Apple a été contraint de procéder à ce changement - il a fallu un tribunal entier pour que l'entreprise cède du terrain. Spotify a décidé de s'inscrire au programme "Music Streaming Services entitlement" qu'Apple a mis en place après avoir été condamné à une amende de 1,84 milliard d'euros par l'UE en mars pour "abus de position dominante" sur le marché.
La Commission européenne a estimé que les actions d'Apple constituaient un abus en empêchant les développeurs d'applications d'informer les utilisateurs d'iOS sur les services alternatifs, souvent moins chers, disponibles en dehors de l'App Store. Ce choix se fait au lieu d'accepter les nouvelles conditions proposées par Apple pour les développeurs. Ces nouvelles conditions permettraient aux développeurs européens d'établir des liens vers des options de paiement externes, mais permettraient toujours à Apple de percevoir une part de ces ventes hors plate-forme.
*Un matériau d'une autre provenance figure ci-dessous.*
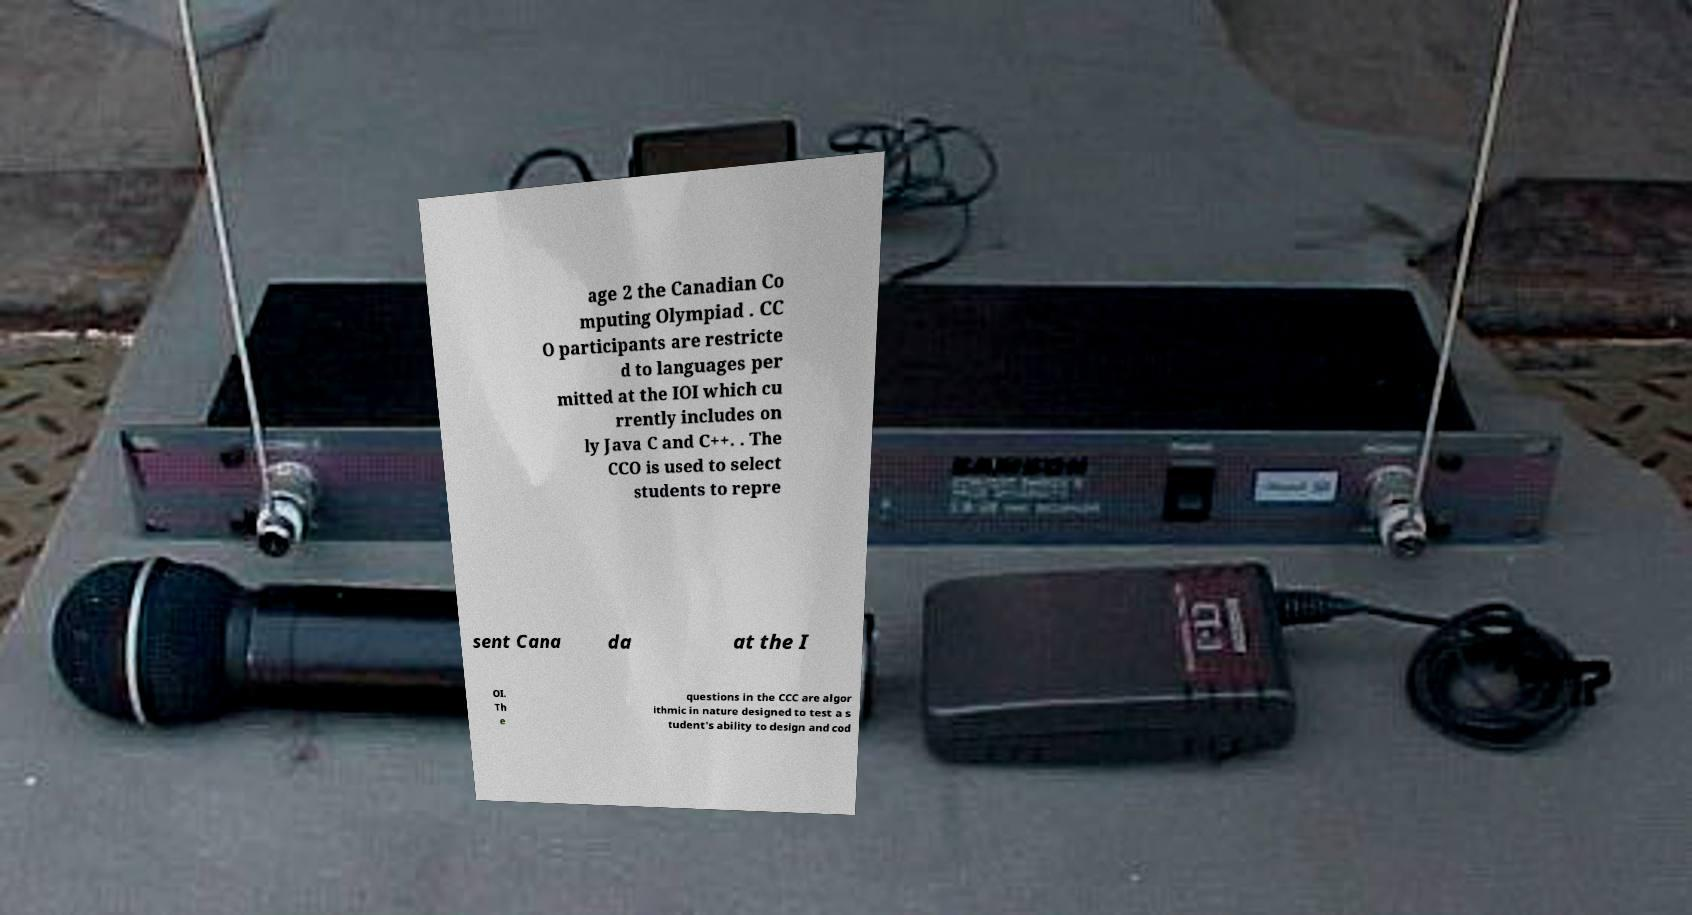I need the written content from this picture converted into text. Can you do that? age 2 the Canadian Co mputing Olympiad . CC O participants are restricte d to languages per mitted at the IOI which cu rrently includes on ly Java C and C++. . The CCO is used to select students to repre sent Cana da at the I OI. Th e questions in the CCC are algor ithmic in nature designed to test a s tudent's ability to design and cod

Spotify a condamné ces conditions, qualifiant l'approche d'Apple d' "injuste et d'exploitante".
Spotify a qualifié cette victoire de "petite", et c'est effectivement le cas - Cupertino a montré à maintes reprises que s'il devait accorder une certaine marge de manœuvre, il ne le ferait que sous la contrainte. Et les développeurs ont encore du chemin à faire. Actuellement, Spotify et d'autres services de streaming musical dans l'UE ne peuvent pas offrir aux utilisateurs la possibilité de cliquer sur un lien pour acheter une application en raison des frais restrictifs imposés par Apple.
En conclusion
D'une manière générale, la poigne d'Apple sur son écosystème iOS cause des maux de tête considérables tant aux utilisateurs qu'aux développeurs. Les règles strictes et les frais élevés de l'entreprise sont des obstacles à l'innovation et à l'équité. Même si les autorités de régulation, comme la Commission européenne, font quelques progrès - en insistant par exemple sur une meilleure visibilité des applications et sur des changements limités -, ces progrès sont lents et n'interviennent souvent qu'après de longues batailles juridiques. La dernière controverse autour de la structure tarifaire de Patreon montre à quel point l'approche d'Apple peut être préjudiciable, en particulier lorsqu'elle a un impact sur des dons censés être exempts de tels frais. Alors que la lutte se poursuit, AdGuard prévoit de lancer une pétition en faveur du téléchargement latéral d'applications à l'échelle mondiale, dans le but d'ouvrir le marché des applications et de contester la domination d'Apple.